Data shown Block Start
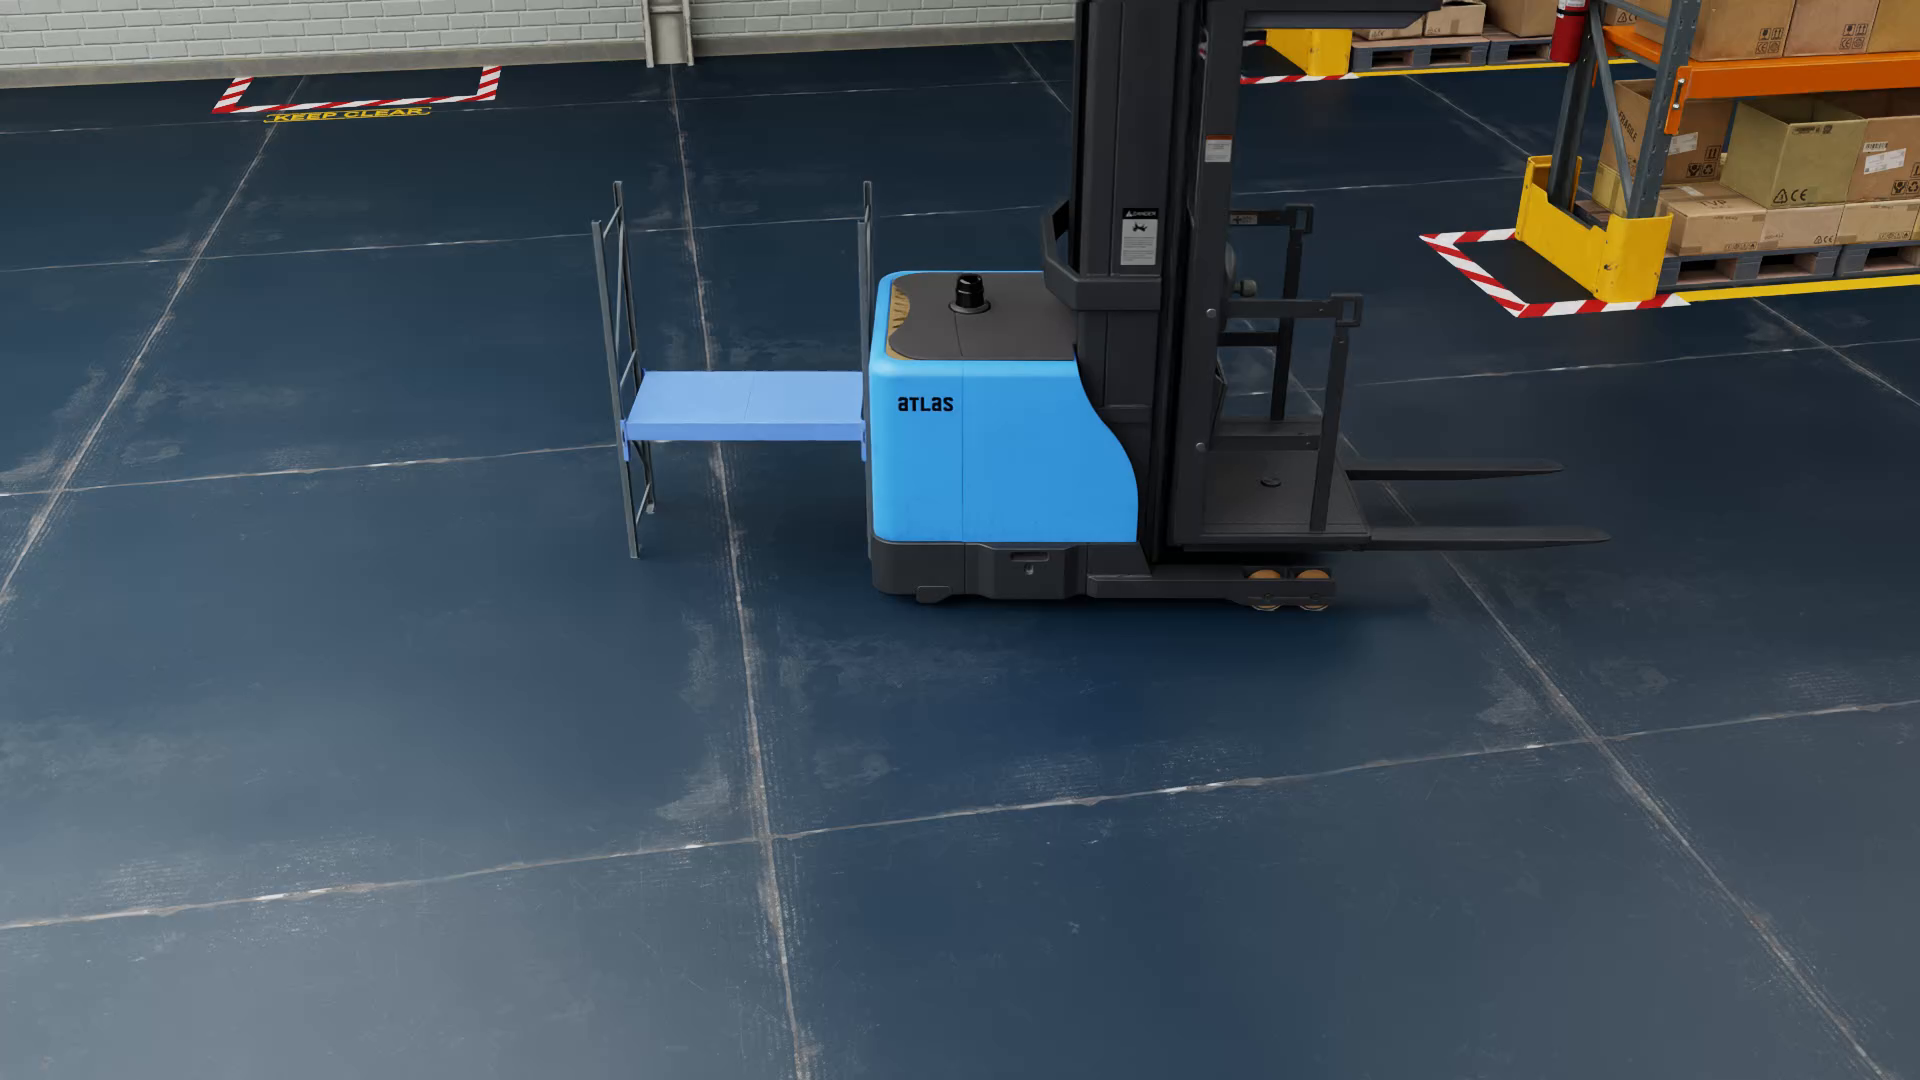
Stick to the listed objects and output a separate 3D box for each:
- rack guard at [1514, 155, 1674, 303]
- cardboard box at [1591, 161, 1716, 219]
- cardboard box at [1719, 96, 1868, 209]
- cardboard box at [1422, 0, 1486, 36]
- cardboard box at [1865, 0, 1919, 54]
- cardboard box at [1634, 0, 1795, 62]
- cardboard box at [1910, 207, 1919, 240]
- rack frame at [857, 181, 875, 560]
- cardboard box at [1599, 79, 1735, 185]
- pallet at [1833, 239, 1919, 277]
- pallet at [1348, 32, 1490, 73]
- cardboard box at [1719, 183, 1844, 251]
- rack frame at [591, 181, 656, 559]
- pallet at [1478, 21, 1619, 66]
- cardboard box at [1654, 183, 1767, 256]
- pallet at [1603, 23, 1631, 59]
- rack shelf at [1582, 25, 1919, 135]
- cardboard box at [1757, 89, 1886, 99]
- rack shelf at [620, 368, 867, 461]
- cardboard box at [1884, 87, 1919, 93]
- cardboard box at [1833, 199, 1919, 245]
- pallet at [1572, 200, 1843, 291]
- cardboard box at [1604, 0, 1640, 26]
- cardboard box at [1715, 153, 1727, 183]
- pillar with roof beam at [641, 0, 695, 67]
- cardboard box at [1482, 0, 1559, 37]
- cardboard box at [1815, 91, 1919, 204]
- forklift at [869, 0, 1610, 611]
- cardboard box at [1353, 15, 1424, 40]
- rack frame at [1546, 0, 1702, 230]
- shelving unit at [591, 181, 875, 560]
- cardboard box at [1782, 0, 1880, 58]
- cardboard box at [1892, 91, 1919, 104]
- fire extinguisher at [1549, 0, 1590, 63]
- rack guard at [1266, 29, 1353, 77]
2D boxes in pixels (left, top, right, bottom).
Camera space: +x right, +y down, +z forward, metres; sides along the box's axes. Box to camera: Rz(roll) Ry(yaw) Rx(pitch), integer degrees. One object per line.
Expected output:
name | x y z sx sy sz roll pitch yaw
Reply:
rack guard | 3.768 -1.880 9.954 0.348 0.500 1.175 -5 31 -9
cardboard box | 4.266 -2.152 10.249 0.500 0.250 0.500 -5 31 -9
cardboard box | 4.851 -2.263 9.699 0.500 0.500 0.500 -5 31 -9
cardboard box | 4.153 -4.530 14.214 0.500 0.311 0.500 -3 31 -5
cardboard box | 5.258 -3.132 9.518 0.500 0.500 0.700 -5 31 -9
cardboard box | 4.253 -3.039 9.361 0.500 0.500 0.700 -5 31 -9
cardboard box | 5.835 -2.030 10.041 0.500 0.250 0.500 -5 31 -9
rack frame | -0.376 -0.690 6.943 0.032 1.500 0.500 0 30 0
cardboard box | 4.265 -2.476 10.060 0.500 0.500 0.500 -5 31 -9
pallet | 5.734 -1.958 10.372 1.213 0.211 1.003 -5 31 -9
pallet | 3.776 -4.291 14.339 1.213 0.211 1.003 -5 31 -9
cardboard box | 4.850 -1.941 9.890 0.500 0.250 0.500 -5 31 -9
rack frame | -1.393 -0.690 6.945 0.032 1.500 0.500 0 30 0
pallet | 4.973 -4.400 14.525 1.213 0.211 1.003 -5 31 -9
cardboard box | 4.359 -1.894 9.809 0.500 0.250 0.500 -5 31 -9
pallet | 6.176 -4.513 14.718 1.213 0.211 1.003 -5 31 -9
rack shelf | 5.759 -2.832 9.817 4.000 0.370 1.077 -5 31 -9
cardboard box | 5.246 -2.575 10.228 0.500 0.500 0.500 -5 31 -9
rack shelf | -0.884 -0.535 7.035 1.000 0.185 0.538 0 30 0
cardboard box | 5.739 -2.620 10.305 0.500 0.500 0.500 -5 31 -9
cardboard box | 5.342 -1.987 9.967 0.500 0.250 0.500 -5 31 -9
pallet | 4.536 -1.849 10.185 1.213 0.211 1.003 -5 31 -9
cardboard box | 5.817 -4.792 14.472 0.500 0.500 0.500 -8 31 -13
cardboard box | 4.756 -2.203 10.336 0.500 0.250 0.500 -5 31 -9
pillar with roof beam | -1.698 -5.816 8.264 0.400 9.000 9.100 -5 31 -9
cardboard box | 4.884 -4.654 14.237 0.500 0.500 0.700 -7 31 -12
cardboard box | 5.340 -2.316 9.787 0.500 0.500 0.500 -5 31 -9
forklift | 1.155 -1.245 6.476 3.031 2.935 1.130 0 30 0
cardboard box | 3.592 -4.478 14.125 0.500 0.311 0.500 -9 32 -15
rack frame | 3.792 -2.960 9.324 0.127 3.000 1.000 -5 31 -9
shelving unit | -0.884 -0.690 6.944 1.048 1.500 0.538 0 30 0
cardboard box | 4.769 -3.089 9.446 0.500 0.500 0.700 -5 31 -8
cardboard box | 5.835 -2.352 9.850 0.500 0.500 0.500 -5 31 -9
fire extinguisher | 3.592 -3.147 9.719 0.183 0.674 0.296 -5 31 -9
rack guard | 2.970 -4.359 14.169 0.348 0.500 1.175 -5 31 -9
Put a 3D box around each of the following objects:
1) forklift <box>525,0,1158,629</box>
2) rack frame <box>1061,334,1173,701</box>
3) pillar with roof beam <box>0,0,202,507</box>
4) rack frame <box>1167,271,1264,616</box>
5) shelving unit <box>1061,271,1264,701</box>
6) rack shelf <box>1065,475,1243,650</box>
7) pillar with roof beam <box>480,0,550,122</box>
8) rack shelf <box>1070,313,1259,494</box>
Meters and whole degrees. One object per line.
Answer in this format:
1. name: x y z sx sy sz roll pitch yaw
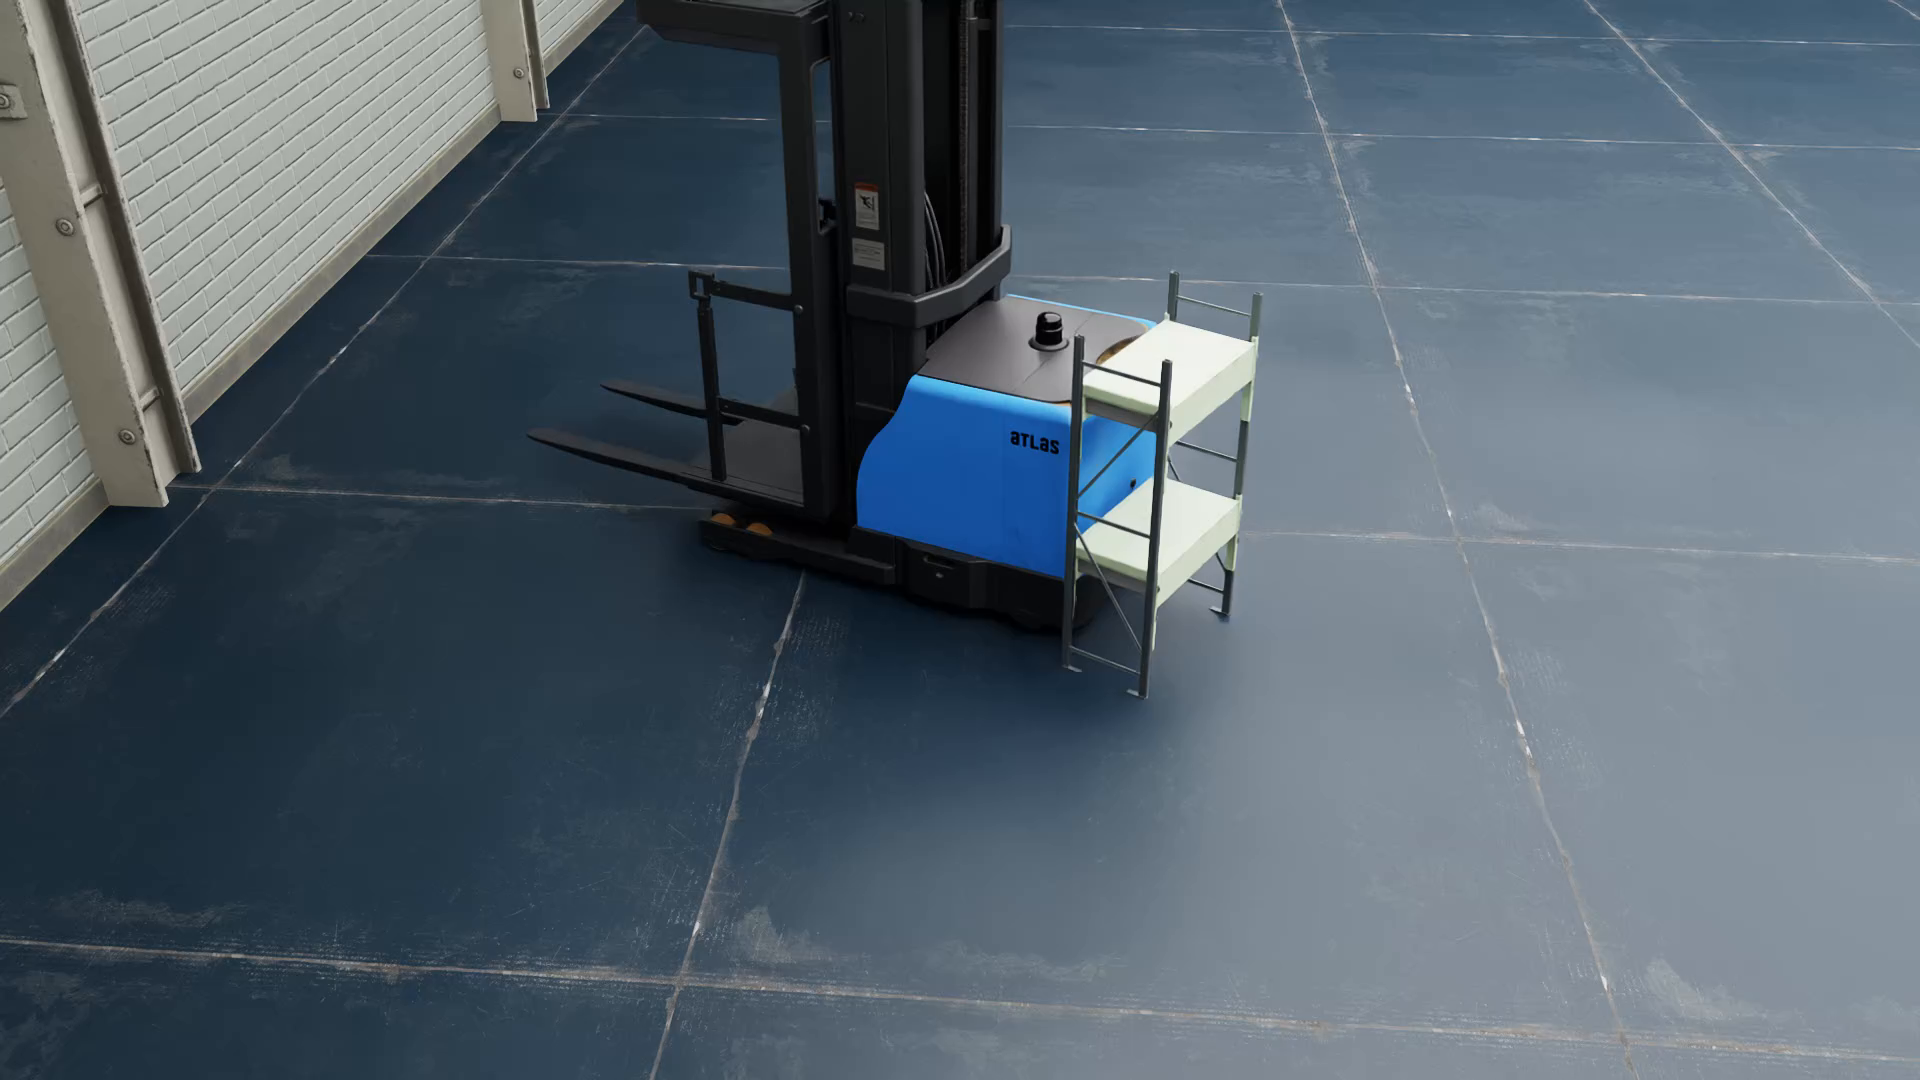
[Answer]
1. forklift: -0.632 -1.390 7.211 3.031 2.935 1.130 14 34 22
2. rack frame: 0.590 -0.056 6.411 0.400 1.500 0.023 20 37 29
3. pillar with roof beam: 0.320 -3.915 5.525 9.100 9.000 0.400 2 32 4
4. rack frame: 1.006 -0.372 6.924 0.400 1.500 0.023 20 37 29
5. shelving unit: 0.798 -0.214 6.667 0.431 1.500 0.755 20 37 29
6. rack shelf: 0.798 0.064 6.838 0.431 0.370 0.720 20 37 29
7. pillar with roof beam: 0.808 -7.052 10.616 9.100 9.000 0.400 2 32 4
8. rack shelf: 0.798 -0.546 6.463 0.431 0.370 0.720 20 37 29
Data shown Block End
Show every line from the entries that includes the word "objects".

→ Reply to the task
Stick to the listed objects and output a separate 3D box for each:
Put a 3D box around each of the following objects:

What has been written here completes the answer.